In the material below, the lines from the one containing "under the License." through the one containing "import uk.gov.hmrc.tai.controllers.ControllerErrorHandler</code>" are to be given again exactly, ends included, and no others.
######
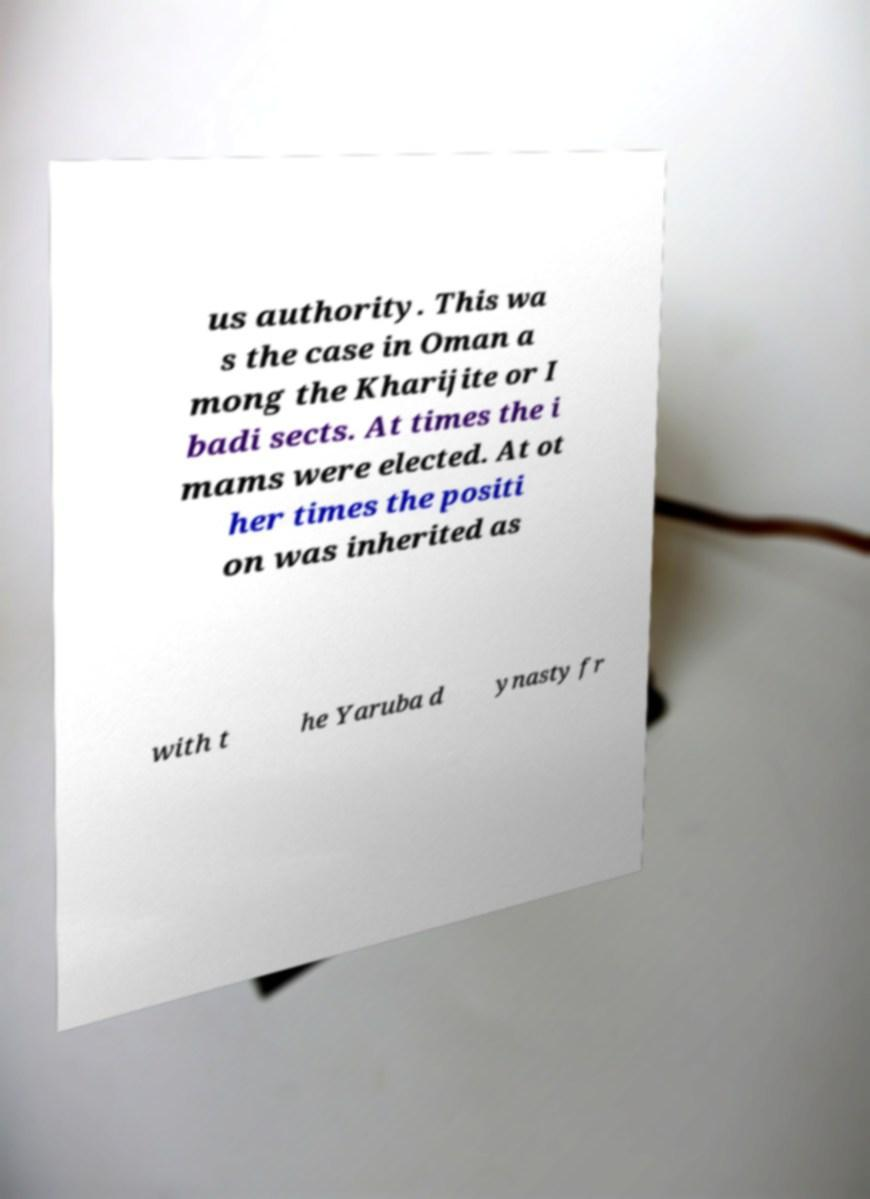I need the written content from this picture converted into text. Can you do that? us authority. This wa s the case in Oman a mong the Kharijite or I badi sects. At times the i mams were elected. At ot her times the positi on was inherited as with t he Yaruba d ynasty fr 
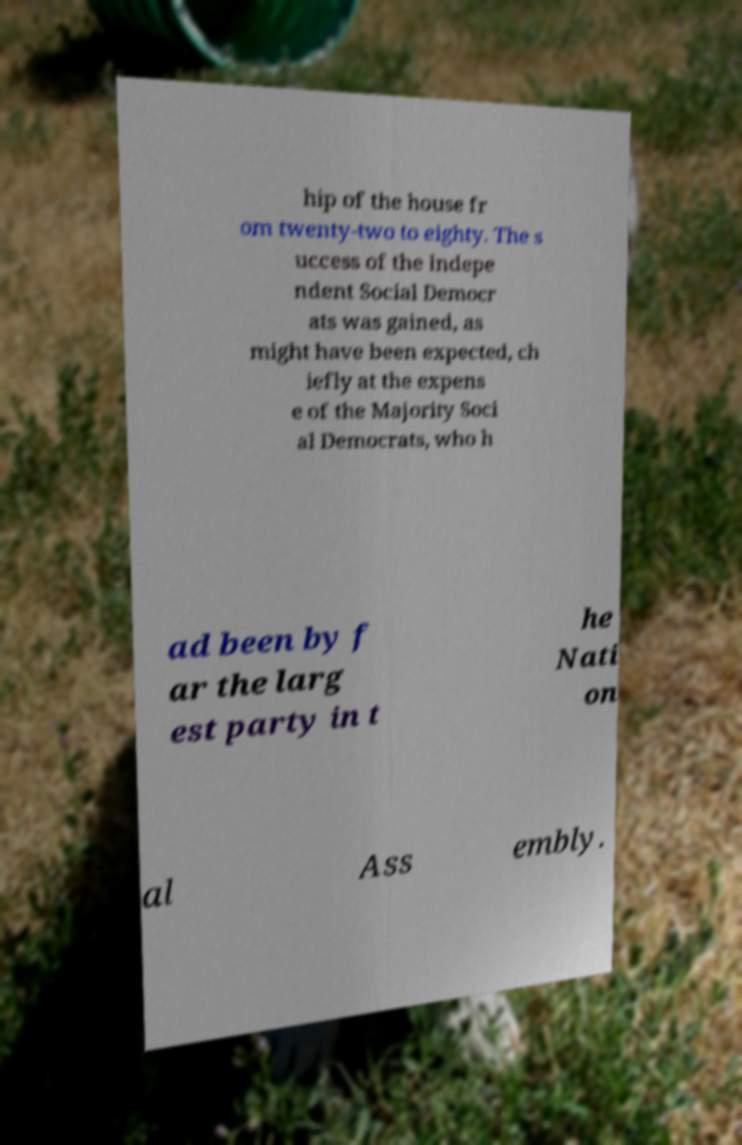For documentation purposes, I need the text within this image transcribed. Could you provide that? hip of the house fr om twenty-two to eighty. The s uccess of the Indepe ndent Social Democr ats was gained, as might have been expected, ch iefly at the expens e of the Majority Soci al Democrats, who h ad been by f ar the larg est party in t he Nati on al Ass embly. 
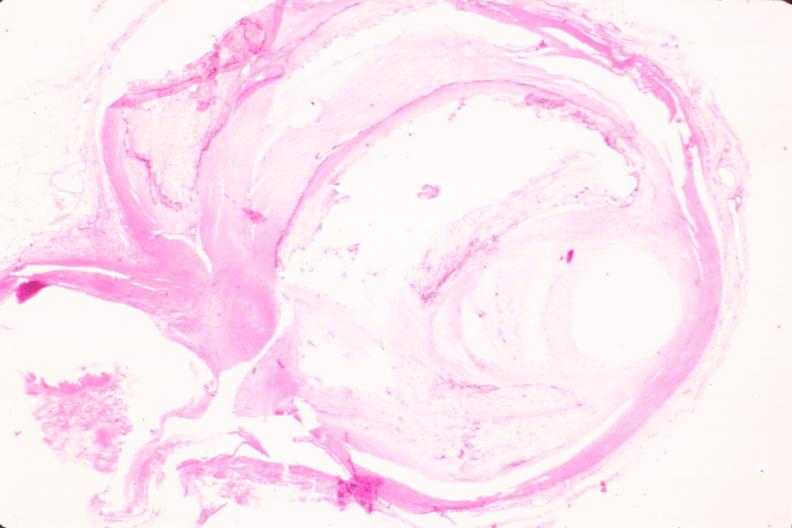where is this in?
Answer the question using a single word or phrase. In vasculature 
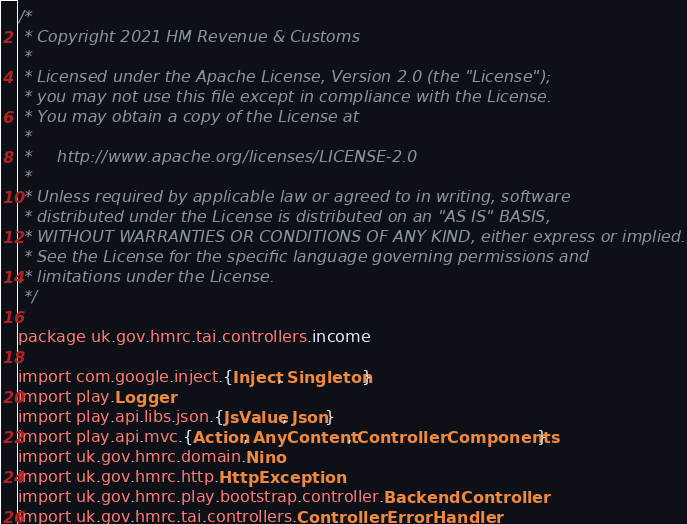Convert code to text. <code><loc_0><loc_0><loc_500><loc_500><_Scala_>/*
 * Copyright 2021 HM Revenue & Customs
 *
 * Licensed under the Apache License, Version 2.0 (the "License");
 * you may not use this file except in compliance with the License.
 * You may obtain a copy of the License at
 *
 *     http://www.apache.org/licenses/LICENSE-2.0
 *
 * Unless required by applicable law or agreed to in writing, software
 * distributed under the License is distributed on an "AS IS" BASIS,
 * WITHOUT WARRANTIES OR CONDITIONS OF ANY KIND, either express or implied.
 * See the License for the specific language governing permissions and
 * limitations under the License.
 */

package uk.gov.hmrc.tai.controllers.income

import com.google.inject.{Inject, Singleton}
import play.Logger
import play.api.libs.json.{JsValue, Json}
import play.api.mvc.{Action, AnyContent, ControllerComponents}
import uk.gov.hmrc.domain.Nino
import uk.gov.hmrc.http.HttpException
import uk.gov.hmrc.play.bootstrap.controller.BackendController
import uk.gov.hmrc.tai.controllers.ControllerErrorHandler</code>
######
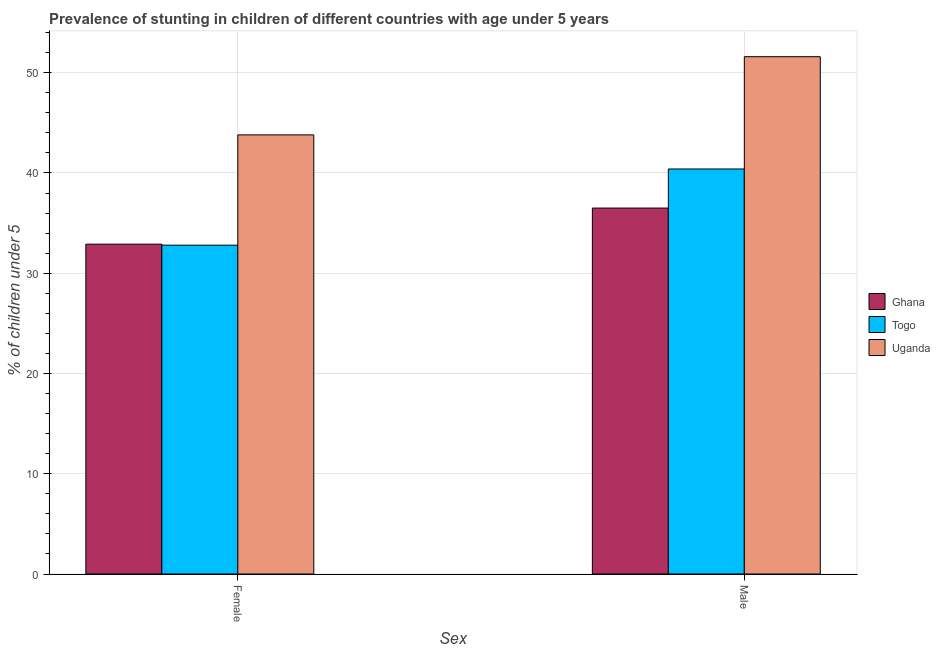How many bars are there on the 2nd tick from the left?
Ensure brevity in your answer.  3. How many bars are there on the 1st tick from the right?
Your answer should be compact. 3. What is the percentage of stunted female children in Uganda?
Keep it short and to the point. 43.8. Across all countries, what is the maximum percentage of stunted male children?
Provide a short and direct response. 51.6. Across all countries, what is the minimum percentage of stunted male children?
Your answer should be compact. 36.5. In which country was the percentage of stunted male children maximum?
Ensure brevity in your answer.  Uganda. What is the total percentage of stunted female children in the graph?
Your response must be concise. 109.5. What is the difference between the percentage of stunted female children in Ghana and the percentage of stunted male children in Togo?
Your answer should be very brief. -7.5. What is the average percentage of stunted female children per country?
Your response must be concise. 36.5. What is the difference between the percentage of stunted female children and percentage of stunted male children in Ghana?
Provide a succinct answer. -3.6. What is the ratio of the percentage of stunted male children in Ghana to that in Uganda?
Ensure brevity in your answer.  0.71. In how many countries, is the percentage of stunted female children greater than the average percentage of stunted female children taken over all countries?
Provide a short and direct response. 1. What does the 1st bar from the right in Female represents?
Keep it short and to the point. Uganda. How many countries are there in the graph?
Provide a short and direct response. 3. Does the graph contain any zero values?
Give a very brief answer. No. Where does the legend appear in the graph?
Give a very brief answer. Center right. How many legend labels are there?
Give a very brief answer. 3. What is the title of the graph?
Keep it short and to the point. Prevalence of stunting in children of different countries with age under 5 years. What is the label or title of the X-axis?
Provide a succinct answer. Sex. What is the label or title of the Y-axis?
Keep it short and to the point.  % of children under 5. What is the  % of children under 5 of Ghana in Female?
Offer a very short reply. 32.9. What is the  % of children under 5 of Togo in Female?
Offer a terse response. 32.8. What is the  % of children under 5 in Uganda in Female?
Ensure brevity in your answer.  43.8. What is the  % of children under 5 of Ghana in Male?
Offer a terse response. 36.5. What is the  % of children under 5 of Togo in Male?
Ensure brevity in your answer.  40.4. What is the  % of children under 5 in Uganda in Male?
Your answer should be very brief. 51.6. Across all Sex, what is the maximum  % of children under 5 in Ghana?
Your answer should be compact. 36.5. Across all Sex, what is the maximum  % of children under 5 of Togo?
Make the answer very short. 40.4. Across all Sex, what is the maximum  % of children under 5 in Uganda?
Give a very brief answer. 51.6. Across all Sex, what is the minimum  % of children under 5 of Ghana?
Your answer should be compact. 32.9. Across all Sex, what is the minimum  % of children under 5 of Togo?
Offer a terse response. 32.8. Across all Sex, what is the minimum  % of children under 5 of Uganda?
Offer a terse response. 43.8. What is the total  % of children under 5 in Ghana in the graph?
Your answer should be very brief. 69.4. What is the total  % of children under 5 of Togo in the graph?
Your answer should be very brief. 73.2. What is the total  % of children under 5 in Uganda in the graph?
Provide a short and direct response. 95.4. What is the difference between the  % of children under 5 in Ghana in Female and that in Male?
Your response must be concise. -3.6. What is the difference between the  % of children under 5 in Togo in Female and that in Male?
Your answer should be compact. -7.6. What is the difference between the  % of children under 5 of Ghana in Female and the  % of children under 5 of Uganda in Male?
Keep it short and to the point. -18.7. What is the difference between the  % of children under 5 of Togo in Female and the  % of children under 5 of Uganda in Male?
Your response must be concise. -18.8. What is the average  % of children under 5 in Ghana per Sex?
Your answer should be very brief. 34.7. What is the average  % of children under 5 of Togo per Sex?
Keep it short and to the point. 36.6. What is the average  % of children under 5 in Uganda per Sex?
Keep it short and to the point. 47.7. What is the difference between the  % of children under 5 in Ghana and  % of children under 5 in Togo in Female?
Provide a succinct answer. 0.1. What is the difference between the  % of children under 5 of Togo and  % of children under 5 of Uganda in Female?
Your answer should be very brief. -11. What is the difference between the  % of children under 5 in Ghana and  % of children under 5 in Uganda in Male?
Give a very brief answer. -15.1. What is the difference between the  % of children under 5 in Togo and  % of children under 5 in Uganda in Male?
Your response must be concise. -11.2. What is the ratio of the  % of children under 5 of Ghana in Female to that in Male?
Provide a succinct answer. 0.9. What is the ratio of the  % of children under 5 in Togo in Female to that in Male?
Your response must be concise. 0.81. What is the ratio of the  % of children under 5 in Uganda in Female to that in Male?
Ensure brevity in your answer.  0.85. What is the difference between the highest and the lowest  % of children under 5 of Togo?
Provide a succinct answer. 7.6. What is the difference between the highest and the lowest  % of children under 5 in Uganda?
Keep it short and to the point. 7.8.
######
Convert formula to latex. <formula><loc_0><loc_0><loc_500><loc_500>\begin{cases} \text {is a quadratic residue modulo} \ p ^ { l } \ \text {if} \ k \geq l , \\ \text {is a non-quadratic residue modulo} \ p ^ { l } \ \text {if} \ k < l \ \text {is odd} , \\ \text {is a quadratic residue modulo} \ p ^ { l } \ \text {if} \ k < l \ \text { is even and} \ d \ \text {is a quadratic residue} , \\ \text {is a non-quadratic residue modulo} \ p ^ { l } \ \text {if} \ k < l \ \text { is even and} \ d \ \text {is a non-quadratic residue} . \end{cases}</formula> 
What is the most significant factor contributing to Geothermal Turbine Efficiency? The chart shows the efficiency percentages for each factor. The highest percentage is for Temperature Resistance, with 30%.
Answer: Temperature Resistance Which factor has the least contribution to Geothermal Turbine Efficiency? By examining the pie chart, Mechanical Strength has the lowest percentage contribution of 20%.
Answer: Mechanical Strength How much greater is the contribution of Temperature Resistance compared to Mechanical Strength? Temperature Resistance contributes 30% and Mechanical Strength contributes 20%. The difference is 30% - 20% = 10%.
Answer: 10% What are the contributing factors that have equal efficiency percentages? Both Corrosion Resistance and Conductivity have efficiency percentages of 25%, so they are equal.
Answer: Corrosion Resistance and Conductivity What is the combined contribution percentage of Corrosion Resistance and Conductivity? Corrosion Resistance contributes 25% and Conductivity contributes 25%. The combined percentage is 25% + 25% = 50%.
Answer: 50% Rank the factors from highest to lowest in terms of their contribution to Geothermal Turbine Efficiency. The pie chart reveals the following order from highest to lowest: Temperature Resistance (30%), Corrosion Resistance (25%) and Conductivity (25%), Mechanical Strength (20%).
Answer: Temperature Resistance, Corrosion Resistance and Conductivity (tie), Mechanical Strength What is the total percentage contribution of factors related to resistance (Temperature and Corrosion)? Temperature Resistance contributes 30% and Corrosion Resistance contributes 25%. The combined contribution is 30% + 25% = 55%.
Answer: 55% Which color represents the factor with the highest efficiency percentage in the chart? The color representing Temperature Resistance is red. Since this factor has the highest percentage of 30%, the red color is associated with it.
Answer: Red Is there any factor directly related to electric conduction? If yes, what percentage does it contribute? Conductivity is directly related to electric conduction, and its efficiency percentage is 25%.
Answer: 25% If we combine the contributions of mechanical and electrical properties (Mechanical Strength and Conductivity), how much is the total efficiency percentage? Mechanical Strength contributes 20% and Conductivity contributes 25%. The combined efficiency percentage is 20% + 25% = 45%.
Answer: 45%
######
EXPECTED ANSWER
 * limitations under the License.
 */

package uk.gov.hmrc.tai.controllers.income

import com.google.inject.{Inject, Singleton}
import play.Logger
import play.api.libs.json.{JsValue, Json}
import play.api.mvc.{Action, AnyContent, ControllerComponents}
import uk.gov.hmrc.domain.Nino
import uk.gov.hmrc.http.HttpException
import uk.gov.hmrc.play.bootstrap.controller.BackendController
import uk.gov.hmrc.tai.controllers.ControllerErrorHandler</code>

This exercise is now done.